In 2017, the markets once neared the 100 marks and the only two occasions when the Market Cap / GDP ratio crossed 100 resulted in huge wealth destruction. That is something the world markets need to be cautious about.
Have you ever thought why the historical average for the US is 100 and India has 75?
That's because the Indian market only captures the value of all the listed companies/stocks in the country, but the Gross Domestic Product is the value of all products and services that include all unlisted private companies, small rural and urban businesses, MSMEs, proprietorship firms, partnerships firms, All government companies, Numerous government departments, etc. So to some extent, the numerator and the denominator are not entirely comparable.
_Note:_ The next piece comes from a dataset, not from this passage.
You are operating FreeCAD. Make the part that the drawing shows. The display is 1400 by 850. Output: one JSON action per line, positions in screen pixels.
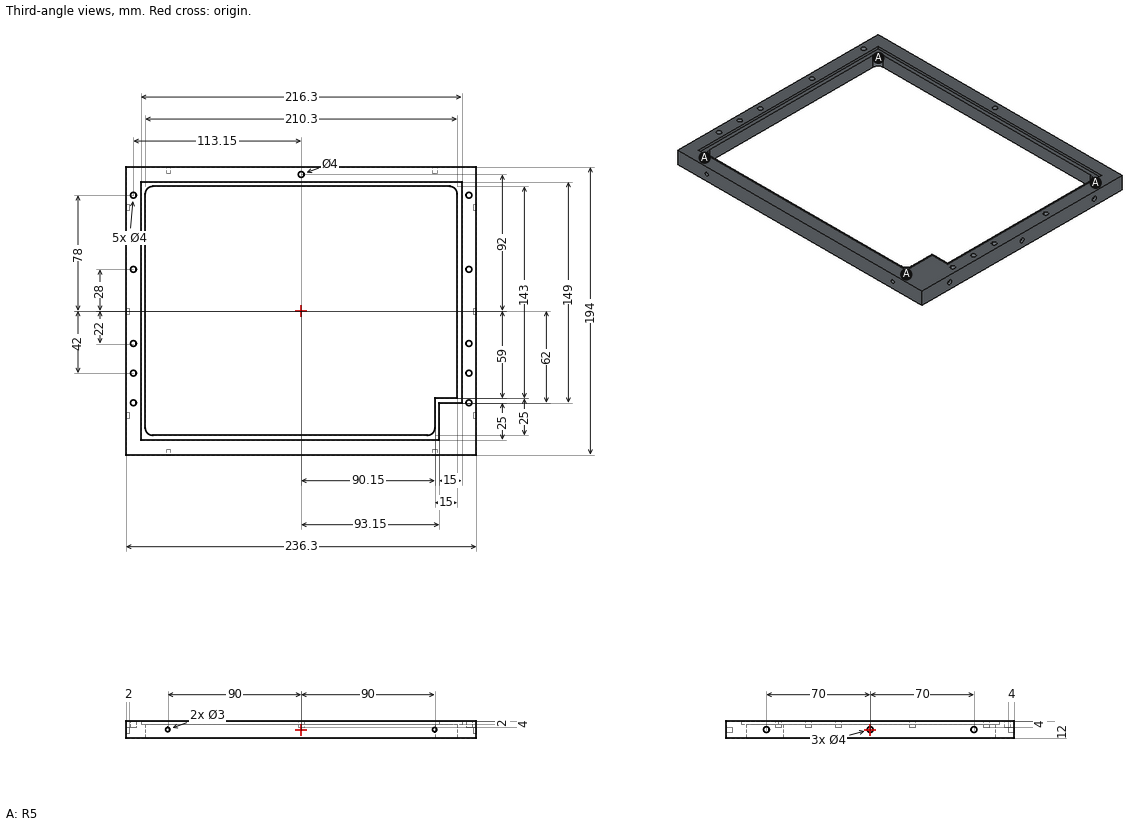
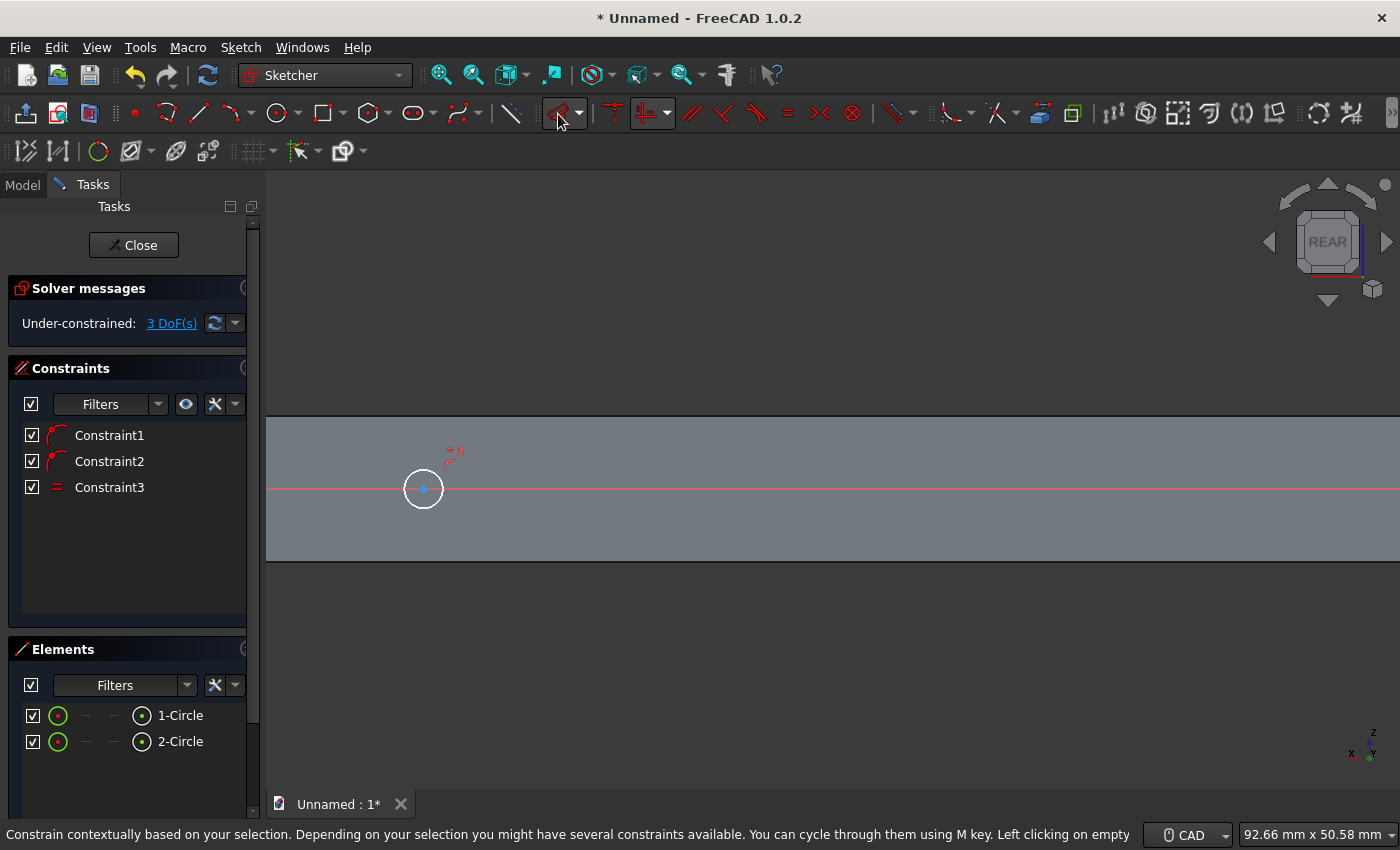
{"action": "scroll", "coordinate": [437, 475], "scroll_direction": "down", "scroll_amount": 6}

We need to be a little more careful of the absolute numbers in an economy like India, which is still making the big shift towards a more organized mode. Higher Market Cap / GDP may not be a real worry for India!
One more aspect can be added. The market cap / GDP moving higher can also be attributed to the sharp rise in funds collected by IPOs. During fiscal 2017-18 the IPO markets have collected $12.5 billion, and that has added to the market cap without really disturbing the GDP. So, the ratio surged.
Market Cap to GDP ratio is a veritable method of gauging whether the stock markets are overpriced or not. However, Warren Buffett believes that Market Cap to GDP Ratio is one of the best measures of where valuations of the market stand at any given moment.
The best part of the stock market is whether the overall market is bullish or bearish, there will be stocks/sectors/companies which are always having either a bull or a bear phase of its own for some reason.
It's just about how much you are aware of it.